To generate from \(f(y_1,\ldots ,y_n)\), (where the component \(y_i\)s are allowed to be multivariate) the Gibbs sampler starts from an arbitrary value of \(y\) and updates components (sequentially or otherwise) by generating from the conditional distributions \(f(y_i\mid y_{\setminus i})\) where \(y_{\setminus i}\) are all the variables other than \(y_i\), set at their currently generated values.
Hence, to apply the Gibbs sampler, we require conditional distributions which are available for sampling.

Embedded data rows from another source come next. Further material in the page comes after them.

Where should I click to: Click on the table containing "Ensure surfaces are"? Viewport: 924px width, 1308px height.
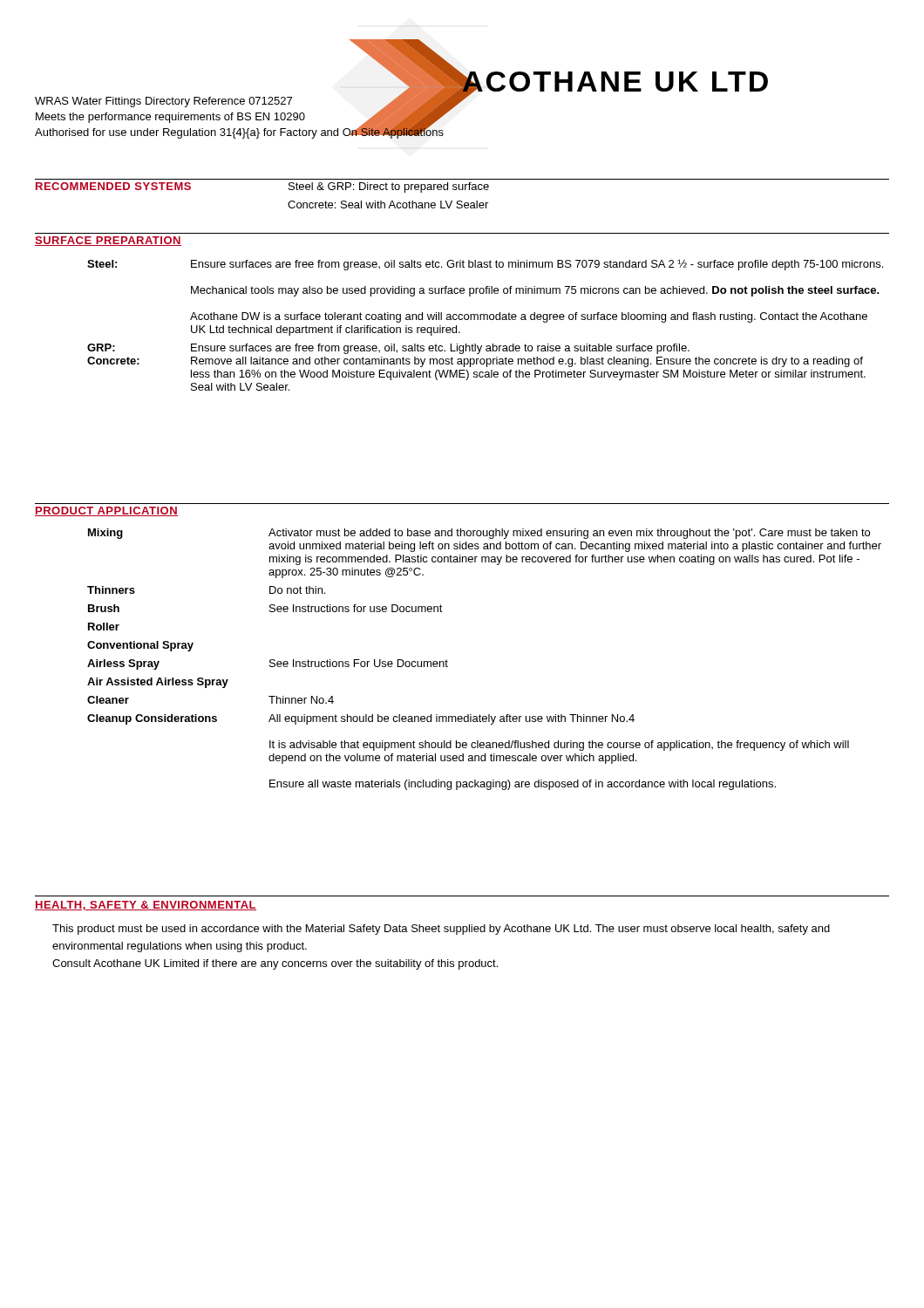coord(462,325)
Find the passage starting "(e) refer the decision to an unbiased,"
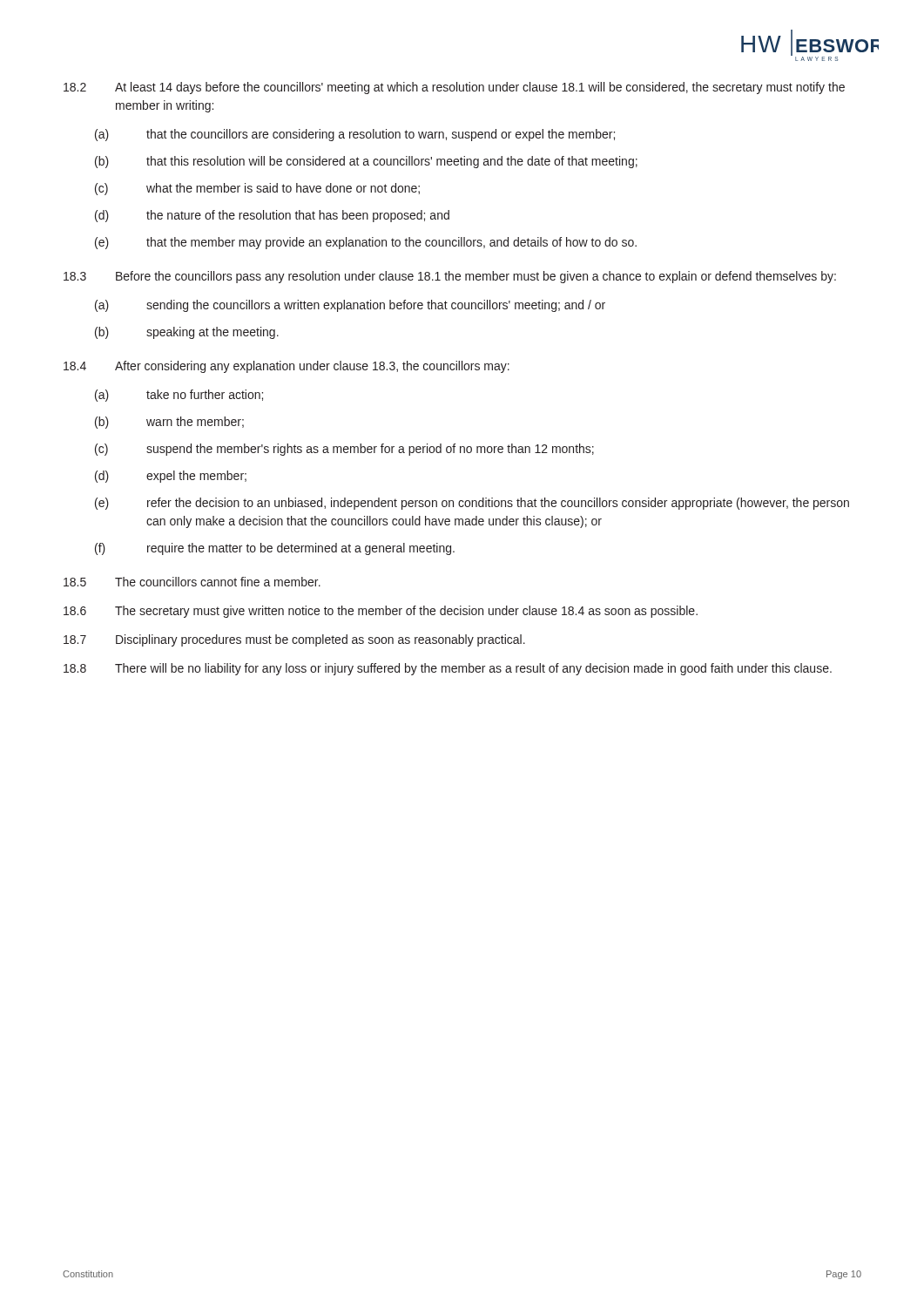This screenshot has height=1307, width=924. [x=478, y=512]
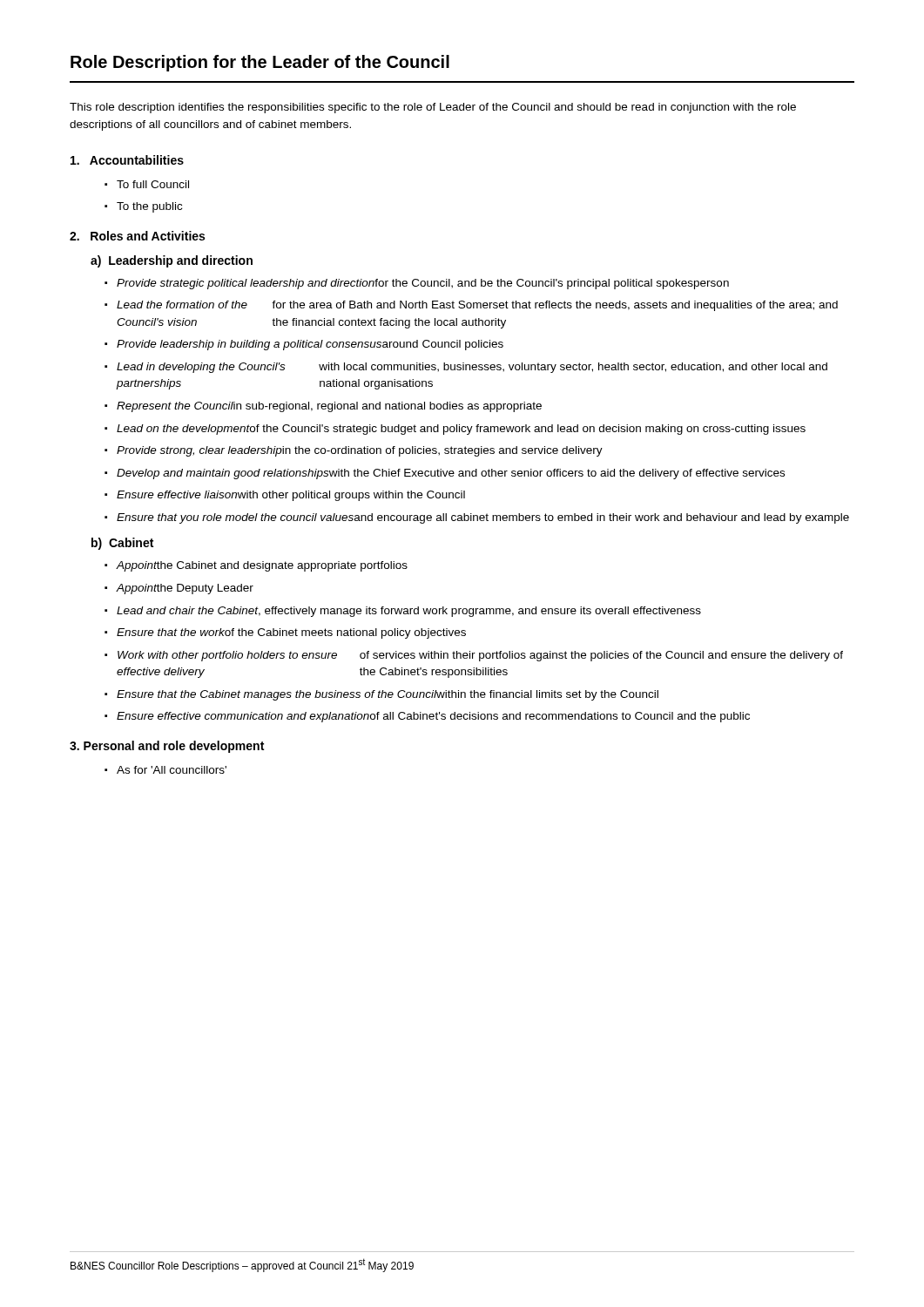Locate the region starting "Role Description for the Leader of the Council"

click(x=260, y=63)
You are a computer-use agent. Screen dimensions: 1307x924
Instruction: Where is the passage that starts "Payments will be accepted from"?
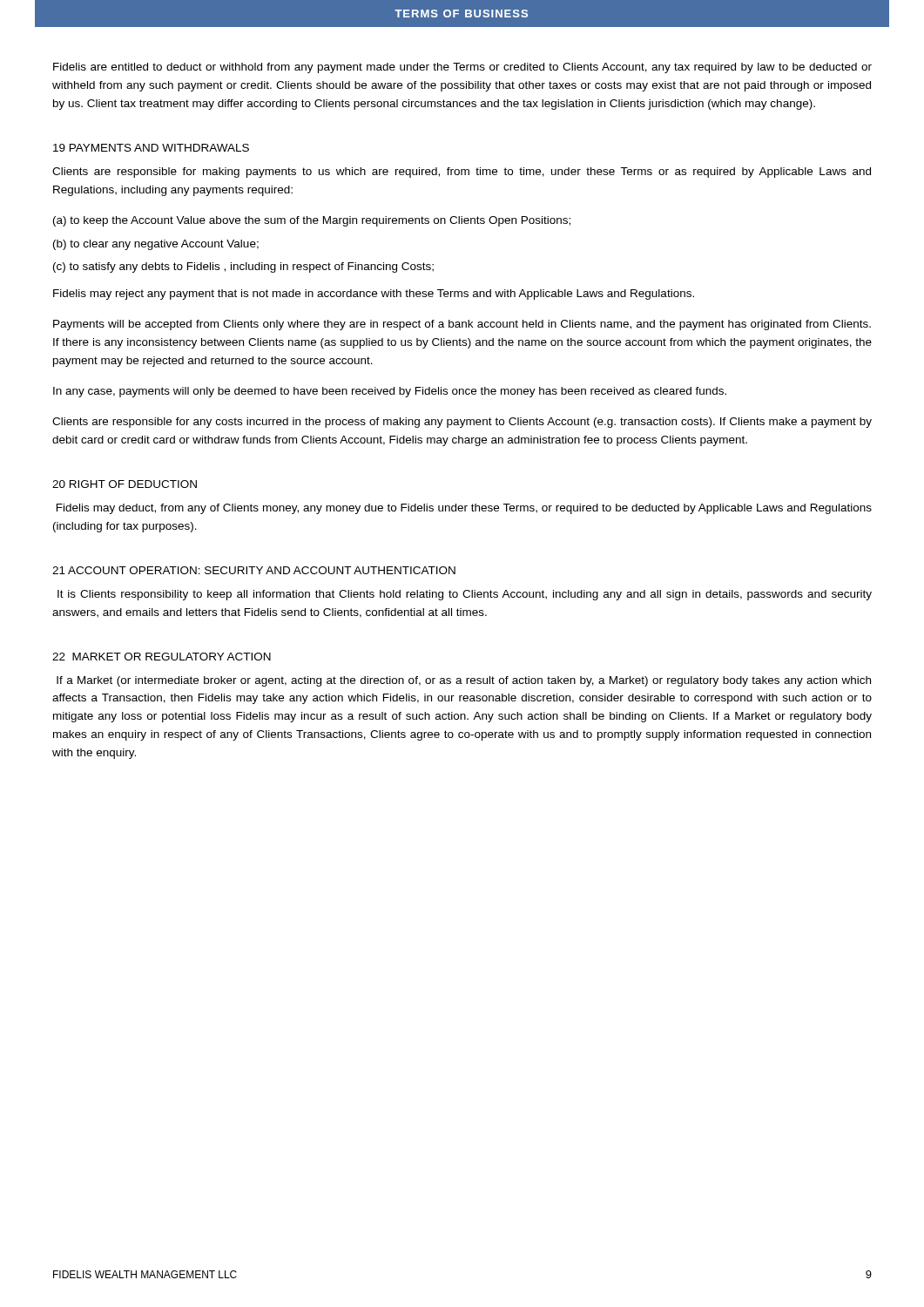[462, 342]
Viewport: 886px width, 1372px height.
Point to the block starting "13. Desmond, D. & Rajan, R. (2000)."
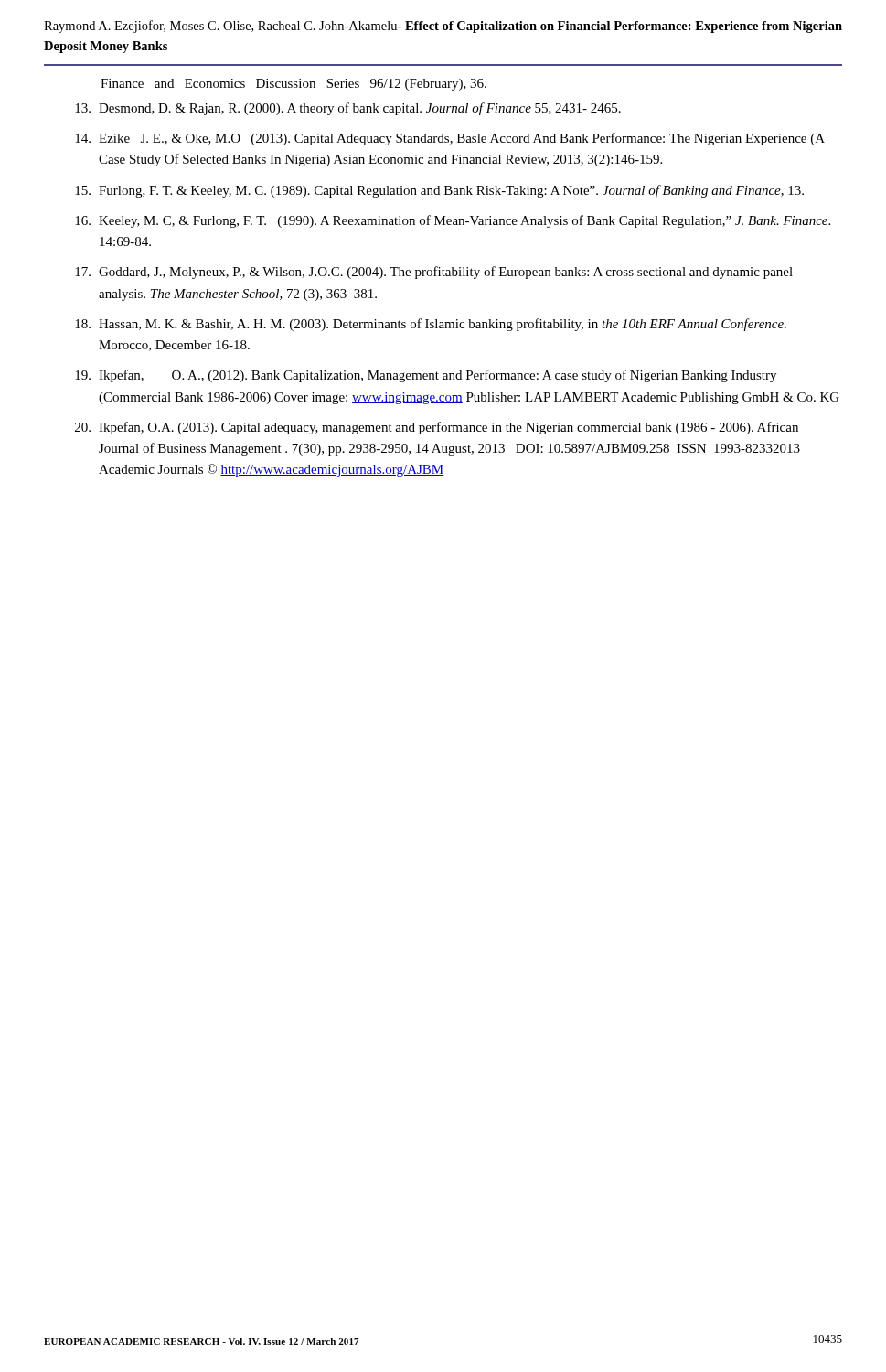443,108
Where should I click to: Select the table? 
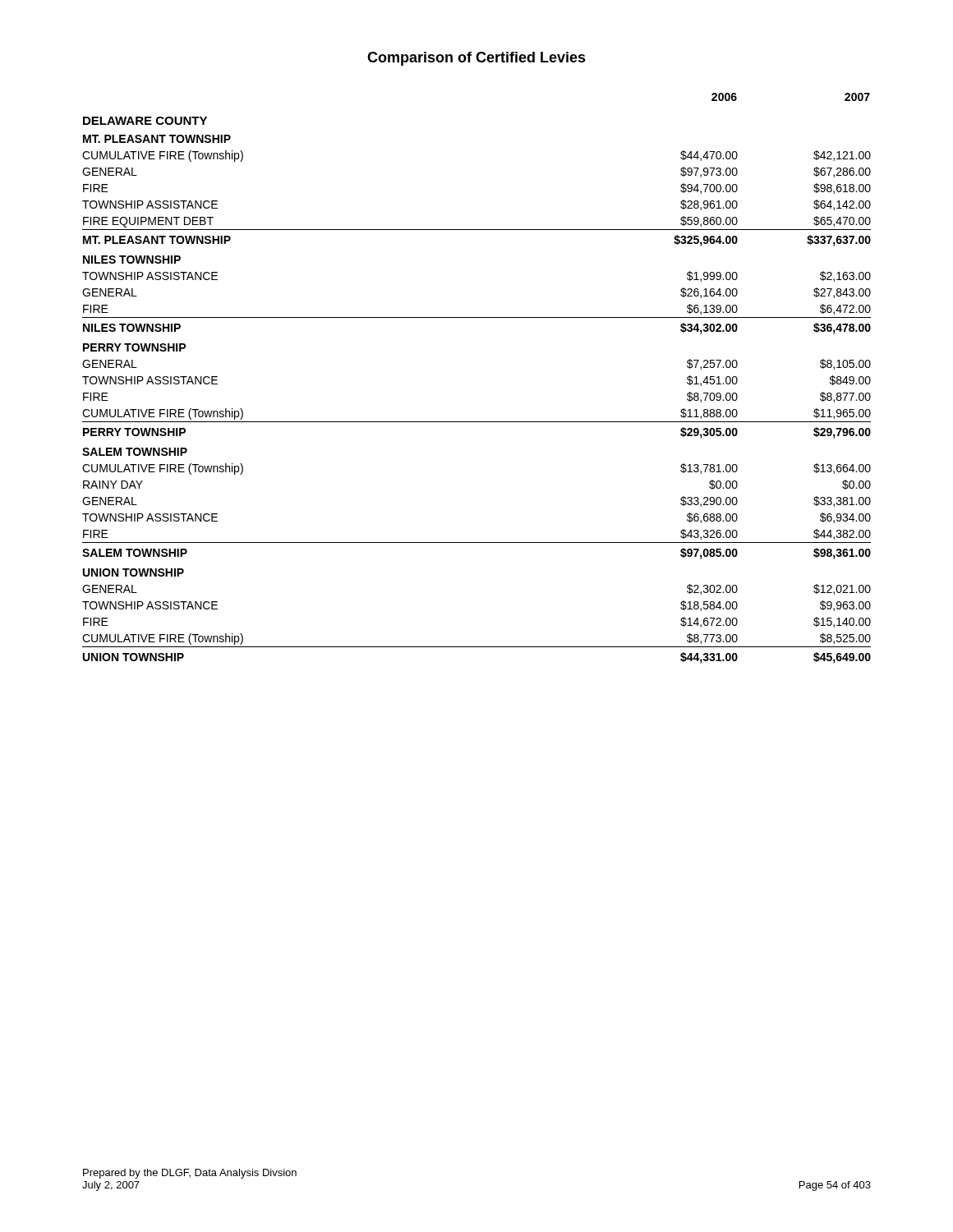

For the LMM \[\begin{equation*} Y \sim N(\mu,\Sigma),\quad \mu=X\beta+Zb,\quad b\sim N(0,\Sigma_b) \end{equation*}\] with corresponding prior densities \(f(\beta)\), \(f(\Sigma)\), \(f(\Sigma_b)\), we obtain the conditional posterior distributions \[\begin{align*} f(\beta\mid y,\text{rest})&\propto \phi(y-Zb;X\beta,V)f(\beta)\\ f(b\mid y,\text{rest})&\propto \phi(y-X\beta;Zb,V)\phi(b;0,\Sigma_b)\\ f(\Sigma\mid y,\text{rest})&\propto \phi(y-X\beta-Zb;0,V)f(\Sigma)\\ f(\Sigma_b\mid y,\text{rest})&\propto \phi(b;0,\Sigma_b)f(\Sigma_b) \end{align*}\] where \(\phi(y;\mu,\Sigma)\) is a \(N(\mu,\Sigma)\) p.d.f. evaluated at \(y\).
We can exploit conditional conjugacy in the choices of \(f(\beta)\), \(f(\Sigma)\), \(f(\Sigma_b)\) making the conditionals above of known form and hence straightforward to sample from. The conditional independence \((\beta,\Sigma)\indep \Sigma_b \mid b\) is also helpful.